What I would like to do is to write a query to group all rows in one where time difference from last record occurance is less than 30 minutes for an identical IPAddress and Username or in other words select/return only the last record for the same IPAddress and Username and eliminate all other rows prior to that.

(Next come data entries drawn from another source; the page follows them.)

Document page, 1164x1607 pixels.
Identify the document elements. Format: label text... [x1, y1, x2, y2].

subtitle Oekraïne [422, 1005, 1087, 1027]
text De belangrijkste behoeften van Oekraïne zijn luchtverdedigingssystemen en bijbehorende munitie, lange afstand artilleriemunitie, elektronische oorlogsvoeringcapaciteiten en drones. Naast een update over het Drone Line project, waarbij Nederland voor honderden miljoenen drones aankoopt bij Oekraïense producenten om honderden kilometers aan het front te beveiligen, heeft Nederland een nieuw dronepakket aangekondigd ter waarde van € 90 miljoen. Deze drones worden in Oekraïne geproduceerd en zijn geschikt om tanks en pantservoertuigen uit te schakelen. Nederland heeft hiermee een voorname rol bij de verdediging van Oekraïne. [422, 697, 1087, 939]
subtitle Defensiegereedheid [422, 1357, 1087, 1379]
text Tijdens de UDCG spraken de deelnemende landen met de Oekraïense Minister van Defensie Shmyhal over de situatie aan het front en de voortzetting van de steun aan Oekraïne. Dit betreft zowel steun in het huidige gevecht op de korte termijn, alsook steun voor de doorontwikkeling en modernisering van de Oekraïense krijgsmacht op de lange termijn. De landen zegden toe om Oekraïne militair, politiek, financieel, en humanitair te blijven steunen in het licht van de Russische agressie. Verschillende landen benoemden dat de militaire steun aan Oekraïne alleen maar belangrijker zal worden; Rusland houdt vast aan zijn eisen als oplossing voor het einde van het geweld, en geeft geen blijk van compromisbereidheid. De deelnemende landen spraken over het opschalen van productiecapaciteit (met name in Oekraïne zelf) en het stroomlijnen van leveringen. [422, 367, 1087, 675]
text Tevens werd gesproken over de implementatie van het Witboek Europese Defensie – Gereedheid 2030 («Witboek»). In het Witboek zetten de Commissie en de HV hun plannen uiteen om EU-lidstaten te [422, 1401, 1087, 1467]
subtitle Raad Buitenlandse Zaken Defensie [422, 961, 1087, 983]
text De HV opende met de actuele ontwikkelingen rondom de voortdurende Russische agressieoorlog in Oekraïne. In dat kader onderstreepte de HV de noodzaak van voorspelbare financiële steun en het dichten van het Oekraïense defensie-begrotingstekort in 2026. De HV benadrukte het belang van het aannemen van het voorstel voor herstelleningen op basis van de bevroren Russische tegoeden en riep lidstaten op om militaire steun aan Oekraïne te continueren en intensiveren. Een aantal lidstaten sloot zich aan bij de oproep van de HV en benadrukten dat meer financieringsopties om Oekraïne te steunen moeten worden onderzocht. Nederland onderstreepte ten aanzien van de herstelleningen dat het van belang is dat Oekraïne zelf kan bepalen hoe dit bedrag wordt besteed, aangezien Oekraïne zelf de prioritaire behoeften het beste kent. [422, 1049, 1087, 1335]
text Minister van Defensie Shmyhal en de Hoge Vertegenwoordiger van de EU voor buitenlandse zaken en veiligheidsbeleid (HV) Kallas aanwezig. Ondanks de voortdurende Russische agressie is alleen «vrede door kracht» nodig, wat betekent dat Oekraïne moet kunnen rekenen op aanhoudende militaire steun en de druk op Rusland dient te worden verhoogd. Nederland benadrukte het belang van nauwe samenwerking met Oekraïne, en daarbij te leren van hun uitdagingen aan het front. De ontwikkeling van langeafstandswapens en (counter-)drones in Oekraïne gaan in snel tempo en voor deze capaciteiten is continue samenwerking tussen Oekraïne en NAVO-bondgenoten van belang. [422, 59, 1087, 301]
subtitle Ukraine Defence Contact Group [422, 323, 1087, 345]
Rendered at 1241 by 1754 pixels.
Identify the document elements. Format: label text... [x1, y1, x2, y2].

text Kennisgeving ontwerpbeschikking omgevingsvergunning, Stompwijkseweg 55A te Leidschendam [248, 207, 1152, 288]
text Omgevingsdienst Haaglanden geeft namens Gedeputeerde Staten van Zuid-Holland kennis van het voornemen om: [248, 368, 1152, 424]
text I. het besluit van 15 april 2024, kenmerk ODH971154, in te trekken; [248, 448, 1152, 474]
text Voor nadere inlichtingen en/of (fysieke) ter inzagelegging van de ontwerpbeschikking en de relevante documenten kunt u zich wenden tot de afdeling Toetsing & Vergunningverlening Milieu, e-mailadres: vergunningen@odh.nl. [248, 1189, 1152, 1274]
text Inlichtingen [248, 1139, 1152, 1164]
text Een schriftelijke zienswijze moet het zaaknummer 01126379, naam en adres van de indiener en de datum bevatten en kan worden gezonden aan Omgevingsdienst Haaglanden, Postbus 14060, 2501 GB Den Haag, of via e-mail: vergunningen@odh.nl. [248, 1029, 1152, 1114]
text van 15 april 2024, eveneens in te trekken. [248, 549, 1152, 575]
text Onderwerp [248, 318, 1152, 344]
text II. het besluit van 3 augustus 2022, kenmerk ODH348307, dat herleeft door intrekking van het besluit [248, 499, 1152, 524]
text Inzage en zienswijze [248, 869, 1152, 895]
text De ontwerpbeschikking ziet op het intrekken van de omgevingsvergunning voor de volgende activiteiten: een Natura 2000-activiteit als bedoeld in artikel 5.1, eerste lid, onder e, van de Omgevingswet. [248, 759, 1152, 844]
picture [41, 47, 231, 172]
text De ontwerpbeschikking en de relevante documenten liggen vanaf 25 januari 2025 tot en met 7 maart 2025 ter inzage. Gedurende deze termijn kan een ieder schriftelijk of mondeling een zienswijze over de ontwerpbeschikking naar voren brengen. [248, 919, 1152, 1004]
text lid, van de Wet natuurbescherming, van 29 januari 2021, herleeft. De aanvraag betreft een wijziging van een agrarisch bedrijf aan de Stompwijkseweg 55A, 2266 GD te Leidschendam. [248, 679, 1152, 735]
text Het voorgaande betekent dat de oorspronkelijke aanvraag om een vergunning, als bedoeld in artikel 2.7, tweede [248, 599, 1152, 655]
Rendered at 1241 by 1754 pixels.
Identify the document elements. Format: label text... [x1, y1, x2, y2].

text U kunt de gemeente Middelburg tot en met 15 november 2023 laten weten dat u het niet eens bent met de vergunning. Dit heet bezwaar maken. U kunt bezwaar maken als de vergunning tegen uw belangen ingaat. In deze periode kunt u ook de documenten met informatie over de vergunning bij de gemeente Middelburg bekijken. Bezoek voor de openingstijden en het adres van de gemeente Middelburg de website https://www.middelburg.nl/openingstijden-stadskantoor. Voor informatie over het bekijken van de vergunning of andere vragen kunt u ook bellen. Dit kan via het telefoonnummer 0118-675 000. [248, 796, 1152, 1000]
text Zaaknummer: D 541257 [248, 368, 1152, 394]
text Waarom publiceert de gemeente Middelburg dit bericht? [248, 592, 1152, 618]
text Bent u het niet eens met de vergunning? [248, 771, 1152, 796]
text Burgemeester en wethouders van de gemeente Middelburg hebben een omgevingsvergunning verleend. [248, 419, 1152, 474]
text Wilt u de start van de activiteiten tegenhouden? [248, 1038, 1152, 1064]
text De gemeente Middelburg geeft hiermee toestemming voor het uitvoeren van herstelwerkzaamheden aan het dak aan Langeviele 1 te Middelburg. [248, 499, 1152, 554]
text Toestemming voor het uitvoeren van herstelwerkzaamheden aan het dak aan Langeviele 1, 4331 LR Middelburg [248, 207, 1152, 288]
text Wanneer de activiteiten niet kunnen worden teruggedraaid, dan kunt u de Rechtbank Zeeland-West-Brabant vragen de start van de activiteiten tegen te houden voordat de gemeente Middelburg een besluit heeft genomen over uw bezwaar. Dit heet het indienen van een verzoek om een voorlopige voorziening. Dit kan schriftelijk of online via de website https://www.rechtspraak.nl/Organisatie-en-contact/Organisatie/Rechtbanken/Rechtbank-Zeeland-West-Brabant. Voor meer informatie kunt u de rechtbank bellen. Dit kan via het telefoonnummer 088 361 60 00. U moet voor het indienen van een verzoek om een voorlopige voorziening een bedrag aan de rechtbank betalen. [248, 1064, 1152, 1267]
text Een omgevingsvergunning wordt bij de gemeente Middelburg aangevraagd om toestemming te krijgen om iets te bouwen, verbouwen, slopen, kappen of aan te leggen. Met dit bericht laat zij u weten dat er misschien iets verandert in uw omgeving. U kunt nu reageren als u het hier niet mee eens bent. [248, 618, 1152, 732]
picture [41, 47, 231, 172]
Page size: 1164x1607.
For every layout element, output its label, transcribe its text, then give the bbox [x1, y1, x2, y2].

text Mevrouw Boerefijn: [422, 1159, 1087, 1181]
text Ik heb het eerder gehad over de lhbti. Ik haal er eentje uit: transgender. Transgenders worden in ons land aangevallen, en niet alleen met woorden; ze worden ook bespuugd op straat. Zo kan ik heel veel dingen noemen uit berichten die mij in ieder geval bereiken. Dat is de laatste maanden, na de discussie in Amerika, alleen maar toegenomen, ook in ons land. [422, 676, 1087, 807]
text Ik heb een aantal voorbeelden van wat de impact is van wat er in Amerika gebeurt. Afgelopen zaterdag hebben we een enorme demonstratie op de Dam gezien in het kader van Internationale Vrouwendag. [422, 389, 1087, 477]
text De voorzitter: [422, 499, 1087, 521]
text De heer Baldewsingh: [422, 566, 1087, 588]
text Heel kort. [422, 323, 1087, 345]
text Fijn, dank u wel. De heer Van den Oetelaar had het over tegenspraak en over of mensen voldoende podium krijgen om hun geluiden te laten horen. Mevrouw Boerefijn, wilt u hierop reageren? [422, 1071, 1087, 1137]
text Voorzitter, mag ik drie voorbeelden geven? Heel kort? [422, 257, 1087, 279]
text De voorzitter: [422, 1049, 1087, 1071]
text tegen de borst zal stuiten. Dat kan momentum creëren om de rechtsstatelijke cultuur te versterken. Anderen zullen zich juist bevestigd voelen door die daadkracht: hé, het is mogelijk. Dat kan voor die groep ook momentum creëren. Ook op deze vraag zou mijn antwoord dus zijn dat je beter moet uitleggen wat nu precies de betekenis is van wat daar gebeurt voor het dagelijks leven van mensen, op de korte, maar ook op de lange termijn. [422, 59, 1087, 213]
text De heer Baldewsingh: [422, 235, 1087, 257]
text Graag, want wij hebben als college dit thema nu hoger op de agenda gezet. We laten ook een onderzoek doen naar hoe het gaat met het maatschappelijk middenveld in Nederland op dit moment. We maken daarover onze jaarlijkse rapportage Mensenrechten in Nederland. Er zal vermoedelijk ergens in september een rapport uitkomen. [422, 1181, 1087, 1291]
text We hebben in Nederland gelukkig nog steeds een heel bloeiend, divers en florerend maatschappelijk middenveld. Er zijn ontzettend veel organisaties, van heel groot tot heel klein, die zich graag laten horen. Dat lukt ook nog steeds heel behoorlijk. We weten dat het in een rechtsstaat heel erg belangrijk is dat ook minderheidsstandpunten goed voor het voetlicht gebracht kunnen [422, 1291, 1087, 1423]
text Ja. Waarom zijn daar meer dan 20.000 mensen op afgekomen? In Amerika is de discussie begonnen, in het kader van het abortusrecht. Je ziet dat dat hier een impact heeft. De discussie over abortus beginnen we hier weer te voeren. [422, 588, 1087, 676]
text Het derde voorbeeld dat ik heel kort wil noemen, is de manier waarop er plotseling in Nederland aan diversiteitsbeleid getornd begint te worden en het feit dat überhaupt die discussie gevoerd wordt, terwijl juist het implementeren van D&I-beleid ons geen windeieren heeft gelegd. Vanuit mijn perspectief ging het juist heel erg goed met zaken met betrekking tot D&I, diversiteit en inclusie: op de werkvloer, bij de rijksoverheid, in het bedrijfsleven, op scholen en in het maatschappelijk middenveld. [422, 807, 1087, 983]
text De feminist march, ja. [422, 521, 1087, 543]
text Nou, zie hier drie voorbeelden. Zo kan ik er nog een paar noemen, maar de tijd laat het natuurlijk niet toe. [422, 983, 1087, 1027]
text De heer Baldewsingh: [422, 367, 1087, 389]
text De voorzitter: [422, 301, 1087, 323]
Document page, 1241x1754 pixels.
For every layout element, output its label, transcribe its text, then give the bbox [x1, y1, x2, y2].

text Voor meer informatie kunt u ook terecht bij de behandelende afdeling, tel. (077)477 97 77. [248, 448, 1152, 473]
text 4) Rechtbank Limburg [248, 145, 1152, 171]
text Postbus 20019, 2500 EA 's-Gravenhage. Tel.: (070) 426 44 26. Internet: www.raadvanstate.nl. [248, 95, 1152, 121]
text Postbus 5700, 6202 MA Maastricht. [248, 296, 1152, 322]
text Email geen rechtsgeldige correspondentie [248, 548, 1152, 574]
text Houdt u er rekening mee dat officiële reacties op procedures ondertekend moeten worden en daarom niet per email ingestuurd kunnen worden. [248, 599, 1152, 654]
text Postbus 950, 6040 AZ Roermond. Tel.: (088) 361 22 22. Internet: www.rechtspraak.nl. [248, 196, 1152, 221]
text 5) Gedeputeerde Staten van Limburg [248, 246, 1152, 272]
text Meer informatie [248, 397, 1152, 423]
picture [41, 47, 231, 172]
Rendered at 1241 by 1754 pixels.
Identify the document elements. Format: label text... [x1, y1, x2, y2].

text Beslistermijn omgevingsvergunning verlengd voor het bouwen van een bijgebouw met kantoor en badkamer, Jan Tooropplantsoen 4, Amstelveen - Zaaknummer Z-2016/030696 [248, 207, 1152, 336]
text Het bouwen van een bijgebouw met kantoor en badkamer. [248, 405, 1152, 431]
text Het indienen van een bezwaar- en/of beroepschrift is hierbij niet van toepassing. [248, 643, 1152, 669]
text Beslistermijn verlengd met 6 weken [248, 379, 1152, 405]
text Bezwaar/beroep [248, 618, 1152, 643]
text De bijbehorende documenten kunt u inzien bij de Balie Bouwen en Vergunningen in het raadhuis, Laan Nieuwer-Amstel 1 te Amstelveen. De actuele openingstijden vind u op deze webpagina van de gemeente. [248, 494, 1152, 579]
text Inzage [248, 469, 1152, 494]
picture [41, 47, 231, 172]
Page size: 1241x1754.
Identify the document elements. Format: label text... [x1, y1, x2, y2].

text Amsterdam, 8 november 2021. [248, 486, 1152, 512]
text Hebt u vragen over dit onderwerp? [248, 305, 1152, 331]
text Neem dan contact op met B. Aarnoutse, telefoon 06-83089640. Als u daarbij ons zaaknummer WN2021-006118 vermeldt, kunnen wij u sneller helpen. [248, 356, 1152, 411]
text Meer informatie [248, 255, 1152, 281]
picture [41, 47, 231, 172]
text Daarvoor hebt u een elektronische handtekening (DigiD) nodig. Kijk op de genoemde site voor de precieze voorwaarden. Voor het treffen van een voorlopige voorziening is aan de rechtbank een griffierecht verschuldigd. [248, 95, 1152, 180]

Desired outcome is only those rows with the an arrow next to them(image below):

enter image description here

Amir Kayvan
  • 36
  • 1
  • 5
  • 2
    What is your desired output? – sgeddes May 02 '13 at 23:50
  • @sgeddes Imagine a 'blob' of rows that are defined by no row in the blob being more than 30 minutes from every single other row. He wants all of those 'blobs' per IPAddress and Username to be grouped rows. – Patashu May 02 '13 at 23:54
  • The problem is that you'll need to bracket time into 30-minute chunks and group them by IP and TimeChunk. You can't just say "within 30 minutes of each other" because if records are spread over more than 30 minutes it won't know how to group them. – Russell Fox May 03 '13 at 00:04
  • See this: http://stackoverflow.com/questions/5002661/how-to-group-time-by-hour-or-by-10-minutes – Russell Fox May 03 '13 at 00:05
  • 1
    @Russell Fox The linked question is a different question. He wants to bucket/histogram rows by what 30 minute interval they fall in. Amir Kayvan's question is to 'blob' all rows together as long as they're closer than 30 minutes together - e.g. session detection. – Patashu May 03 '13 at 00:16
  • That's correct @Patashu, the end result I'm looking for is what you described here. – Amir Kayvan May 03 '13 at 03:12

3 Answers3

1

First, your requirement can be interpreted more than one way so let me stat what I think you are wanting... I think you are saying a session ends when a given IP address has 30 minutes of inactivity. So if an IP address hits a site every minute for 2 hours and then takes a 30 minute break that represents one session. Assuming that is what you intended...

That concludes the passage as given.